**What needs to be done:** Pictures are not part of the copy. Reproduce all the records exactly.

[[ Data in this exercise open ]]

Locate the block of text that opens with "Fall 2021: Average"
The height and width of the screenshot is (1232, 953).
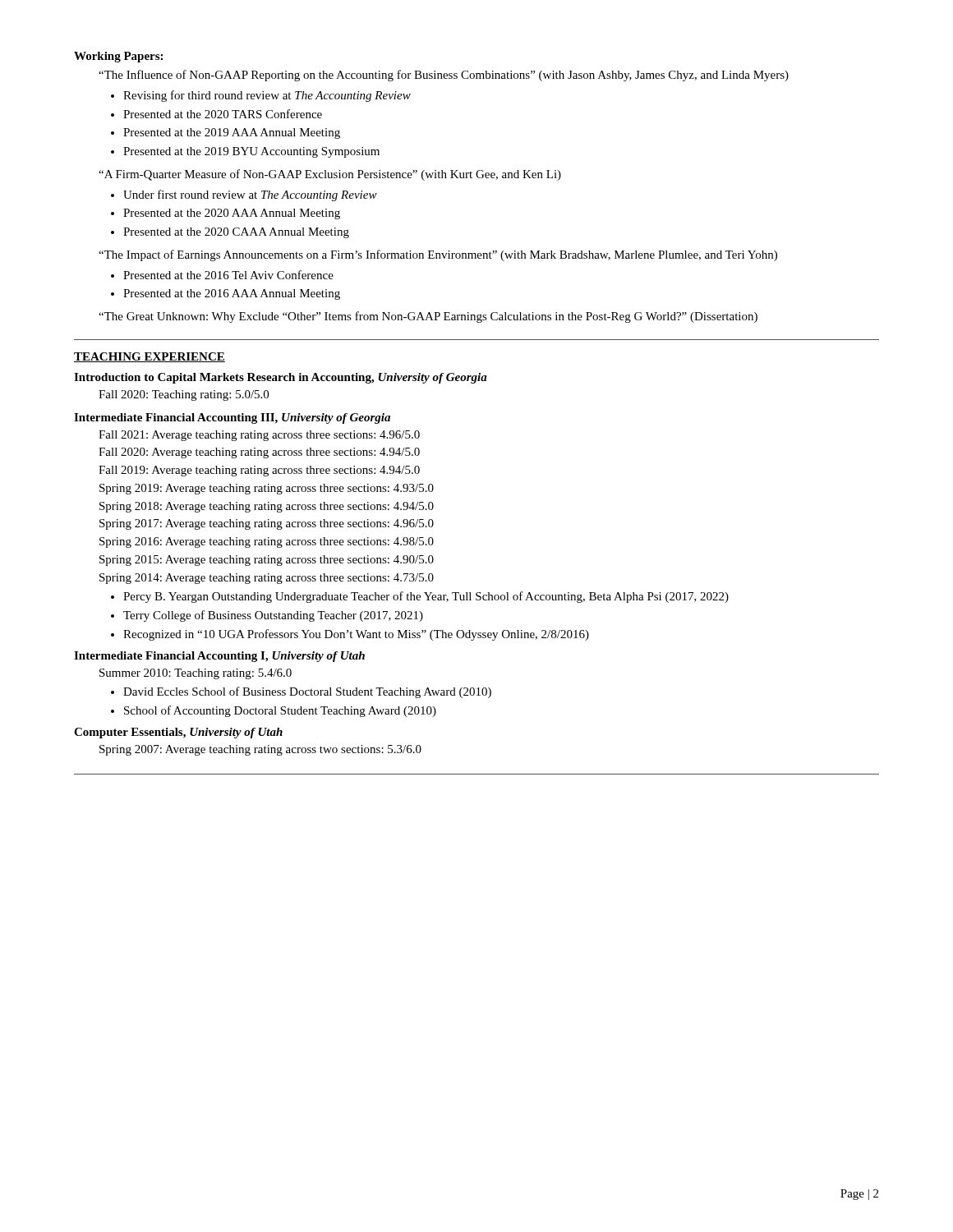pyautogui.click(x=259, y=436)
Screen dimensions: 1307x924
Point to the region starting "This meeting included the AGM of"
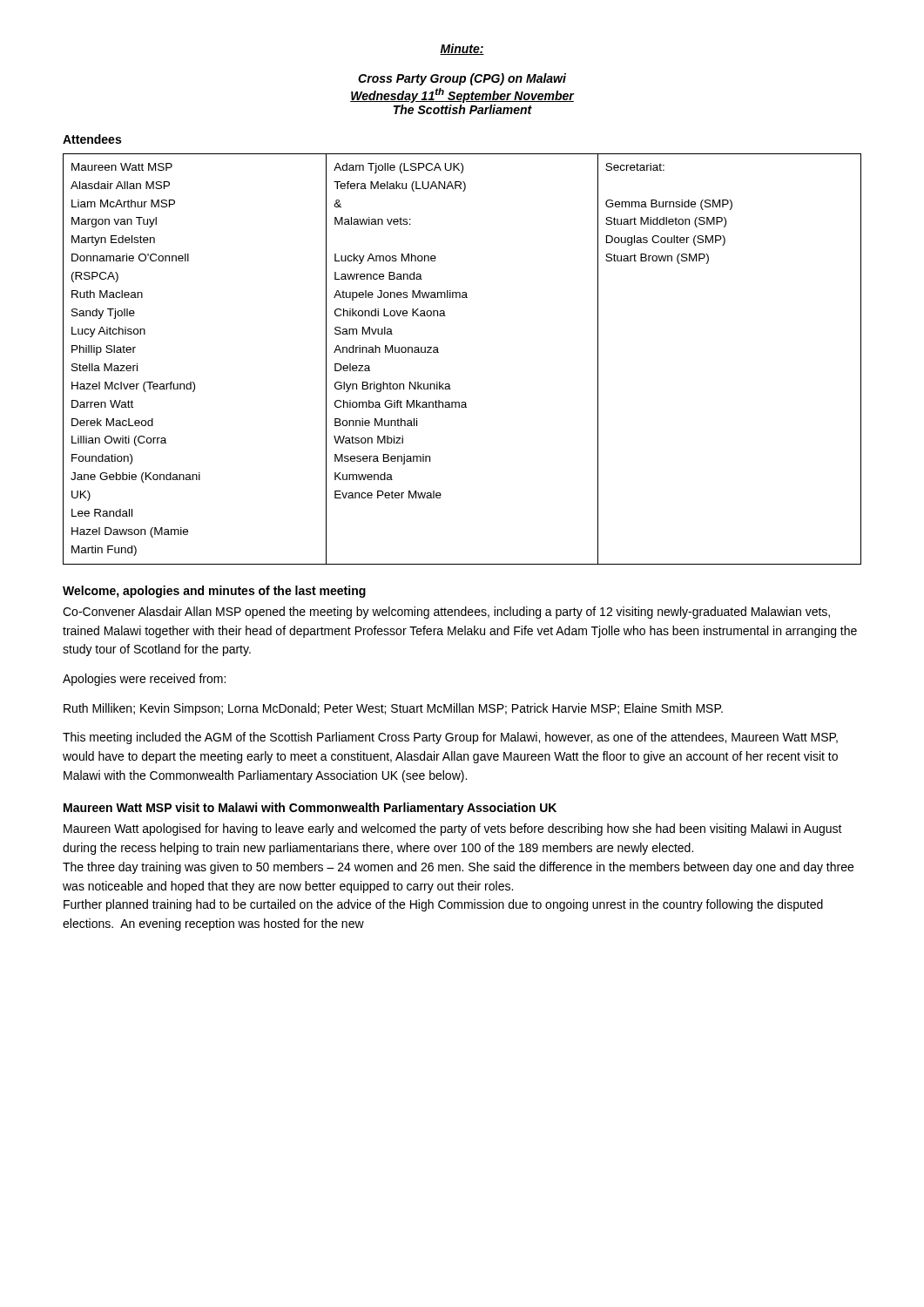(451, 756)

[[ Data in this exercise closed ]]

**Result for this exercise:**
Locate the block of text that opens with "Fall 2021: Average"
The height and width of the screenshot is (1232, 953).
pyautogui.click(x=259, y=436)
Screen dimensions: 1307x924
Point to the region starting "This meeting included the AGM of"
(451, 756)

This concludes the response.